Work request: In the material below, find the line with "list die worden gebruikt in verband met werken"; set down that line and every line after it to the end, exactly, without pictures.

>>

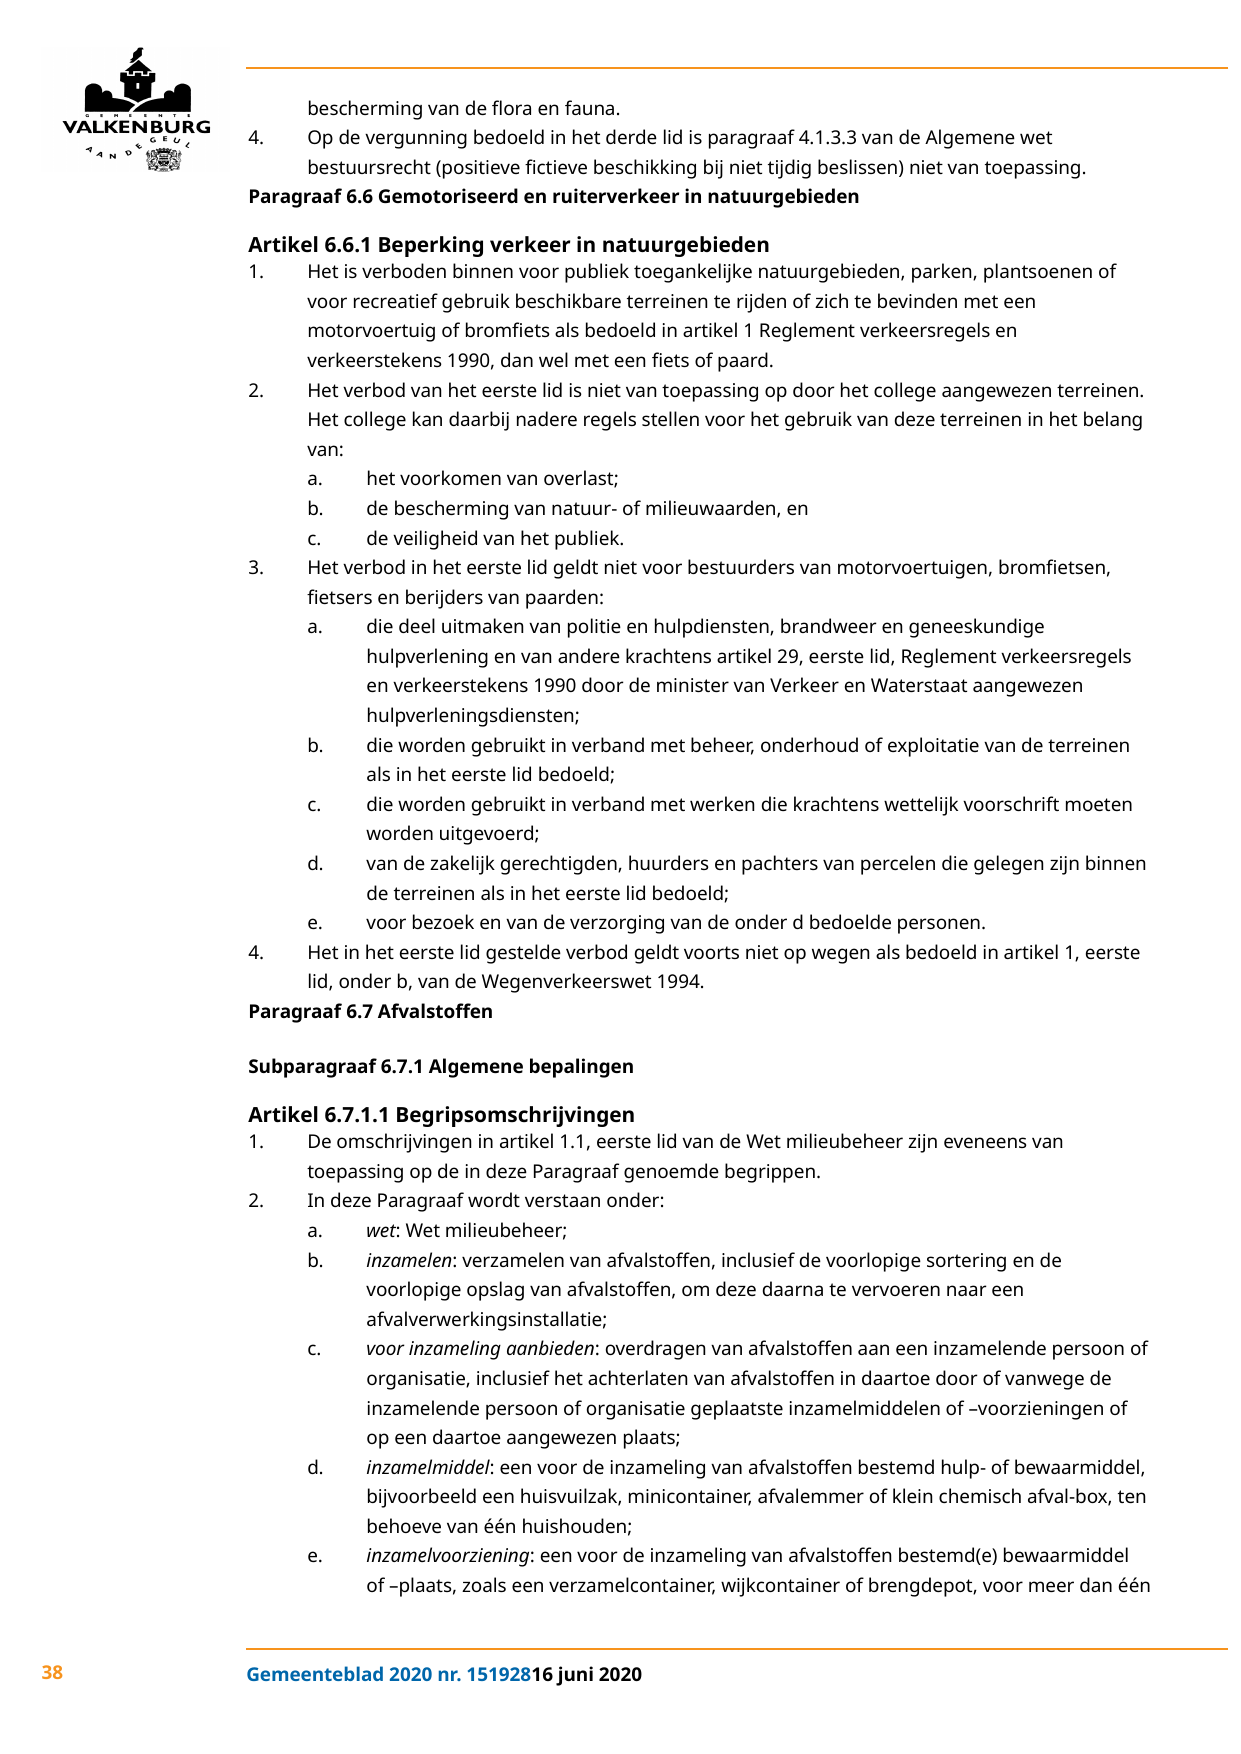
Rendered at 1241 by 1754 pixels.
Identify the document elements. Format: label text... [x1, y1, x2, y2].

list het voorkomen van overlast; [307, 466, 1152, 491]
list Het verbod in het eerste lid geldt niet voor bestuurders van motorvoertuigen, bromfietsen, fietsers en berijders van paarden: [248, 554, 1152, 610]
list Het is verboden binnen voor publiek toegankelijke natuurgebieden, parken, plantsoenen of voor recreatief gebruik beschikbare terreinen te rijden of zich te bevinden met een motorvoertuig of bromfiets als bedoeld in artikel 1 Reglement verkeersregels en verkeerstekens 1990, dan wel met een fiets of paard. [248, 258, 1152, 373]
text Paragraaf 6.7 Afvalstoffen [248, 998, 1152, 1024]
list Op de vergunning bedoeld in het derde lid is paragraaf 4.1.3.3 van de Algemene wet bestuursrecht (positieve fictieve beschikking bij niet tijdig beslissen) niet van toepassing. [248, 124, 1152, 180]
list die worden gebruikt in verband met beheer, onderhoud of exploitatie van de terreinen als in het eerste lid bedoeld; [307, 732, 1152, 787]
list voor bezoek en van de verzorging van de onder d bedoelde personen. [307, 909, 1152, 935]
list inzamelvoorziening: een voor de inzameling van afvalstoffen bestemd(e) bewaarmiddel of –plaats, zoals een verzamelcontainer, wijkcontainer of brengdepot, voor meer dan één [307, 1543, 1152, 1598]
list de bescherming van natuur- of milieuwaarden, en [307, 495, 1152, 521]
text Paragraaf 6.6 Gemotoriseerd en ruiterverkeer in natuurgebieden [248, 183, 1152, 209]
list van de zakelijk gerechtigden, huurders en pachters van percelen die gelegen zijn binnen de terreinen als in het eerste lid bedoeld; [307, 850, 1152, 906]
list De omschrijvingen in artikel 1.1, eerste lid van de Wet milieubeheer zijn eveneens van toepassing op de in deze Paragraaf genoemde begrippen. [248, 1128, 1152, 1184]
list wet: Wet milieubeheer; [307, 1217, 1152, 1243]
list Het in het eerste lid gestelde verbod geldt voorts niet op wegen als bedoeld in artikel 1, eerste lid, onder b, van de Wegenverkeerswet 1994. [248, 939, 1152, 994]
list bescherming van de flora en fauna. [248, 95, 1152, 121]
list inzamelen: verzamelen van afvalstoffen, inclusief de voorlopige sortering en de voorlopige opslag van afvalstoffen, om deze daarna te vervoeren naar een afvalverwerkingsinstallatie; [307, 1247, 1152, 1332]
list inzamelmiddel: een voor de inzameling van afvalstoffen bestemd hulp- of bewaarmiddel, bijvoorbeeld een huisvuilzak, minicontainer, afvalemmer of klein chemisch afval-box, ten behoeve van één huishouden; [307, 1454, 1152, 1539]
list In deze Paragraaf wordt verstaan onder: [248, 1188, 1152, 1213]
list die worden gebruikt in verband met werken die krachtens wettelijk voorschrift moeten worden uitgevoerd; [307, 791, 1152, 846]
list voor inzameling aanbieden: overdragen van afvalstoffen aan een inzamelende persoon of organisatie, inclusief het achterlaten van afvalstoffen in daartoe door of vanwege de inzamelende persoon of organisatie geplaatste inzamelmiddelen of –voorzieningen of op een daartoe aangewezen plaats; [307, 1336, 1152, 1450]
list de veiligheid van het publiek. [307, 525, 1152, 551]
text Artikel 6.6.1 Beperking verkeer in natuurgebieden [248, 230, 1152, 258]
list die deel uitmaken van politie en hulpdiensten, brandweer en geneeskundige hulpverlening en van andere krachtens artikel 29, eerste lid, Reglement verkeersregels en verkeerstekens 1990 door de minister van Verkeer en Waterstaat aangewezen hulpverleningsdiensten; [307, 613, 1152, 728]
text Subparagraaf 6.7.1 Algemene bepalingen [248, 1053, 1152, 1079]
list Het verbod van het eerste lid is niet van toepassing op door het college aangewezen terreinen. Het college kan daarbij nadere regels stellen voor het gebruik van deze terreinen in het belang van: [248, 377, 1152, 462]
picture [41, 47, 231, 172]
text Artikel 6.7.1.1 Begripsomschrijvingen [248, 1100, 1152, 1128]
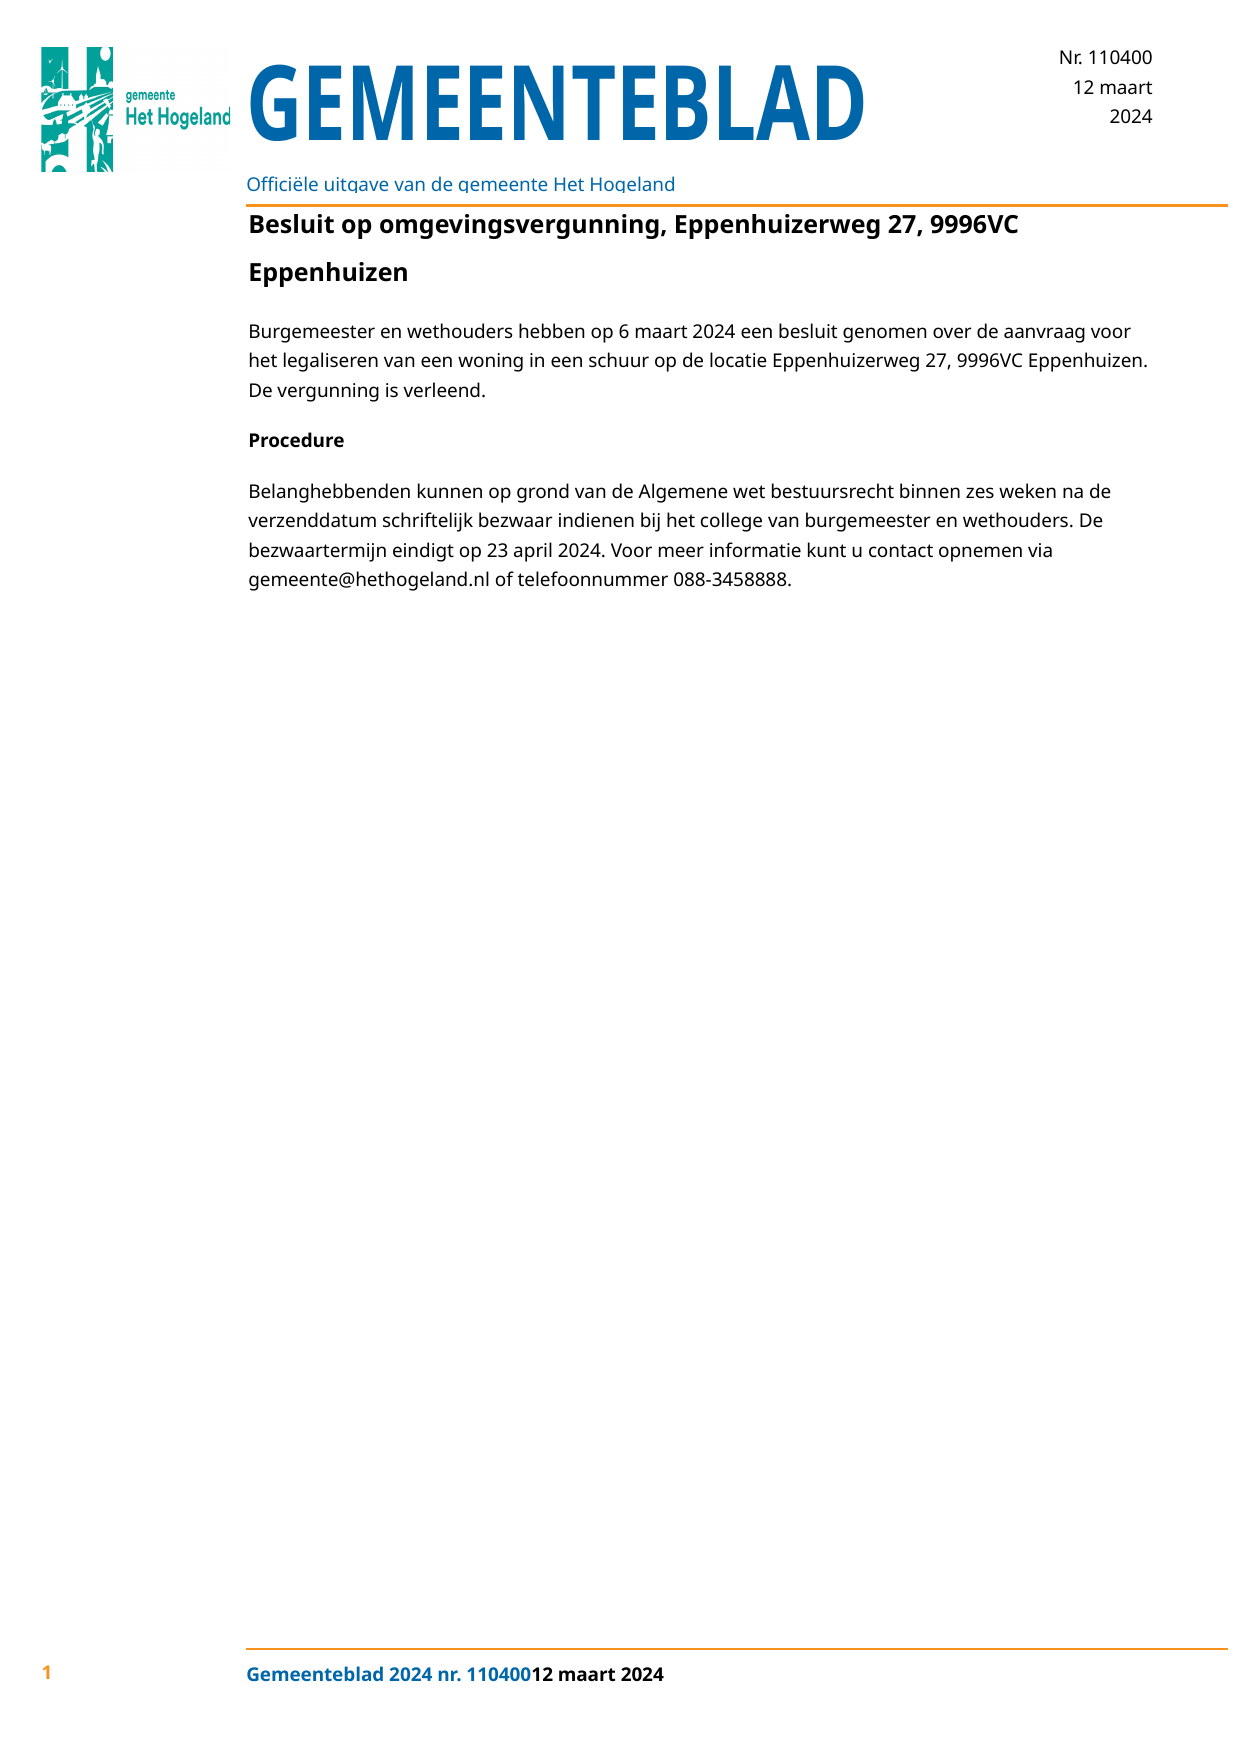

<<

Task answer:
list die worden gebruikt in verband met werken die krachtens wettelijk voorschrift moeten worden uitgevoerd; [307, 791, 1152, 846]
list voor inzameling aanbieden: overdragen van afvalstoffen aan een inzamelende persoon of organisatie, inclusief het achterlaten van afvalstoffen in daartoe door of vanwege de inzamelende persoon of organisatie geplaatste inzamelmiddelen of –voorzieningen of op een daartoe aangewezen plaats; [307, 1336, 1152, 1450]
list de veiligheid van het publiek. [307, 525, 1152, 551]
text Artikel 6.6.1 Beperking verkeer in natuurgebieden [248, 230, 1152, 258]
list die deel uitmaken van politie en hulpdiensten, brandweer en geneeskundige hulpverlening en van andere krachtens artikel 29, eerste lid, Reglement verkeersregels en verkeerstekens 1990 door de minister van Verkeer en Waterstaat aangewezen hulpverleningsdiensten; [307, 613, 1152, 728]
text Subparagraaf 6.7.1 Algemene bepalingen [248, 1053, 1152, 1079]
list Het verbod van het eerste lid is niet van toepassing op door het college aangewezen terreinen. Het college kan daarbij nadere regels stellen voor het gebruik van deze terreinen in het belang van: [248, 377, 1152, 462]
picture [41, 47, 231, 172]
text Artikel 6.7.1.1 Begripsomschrijvingen [248, 1100, 1152, 1128]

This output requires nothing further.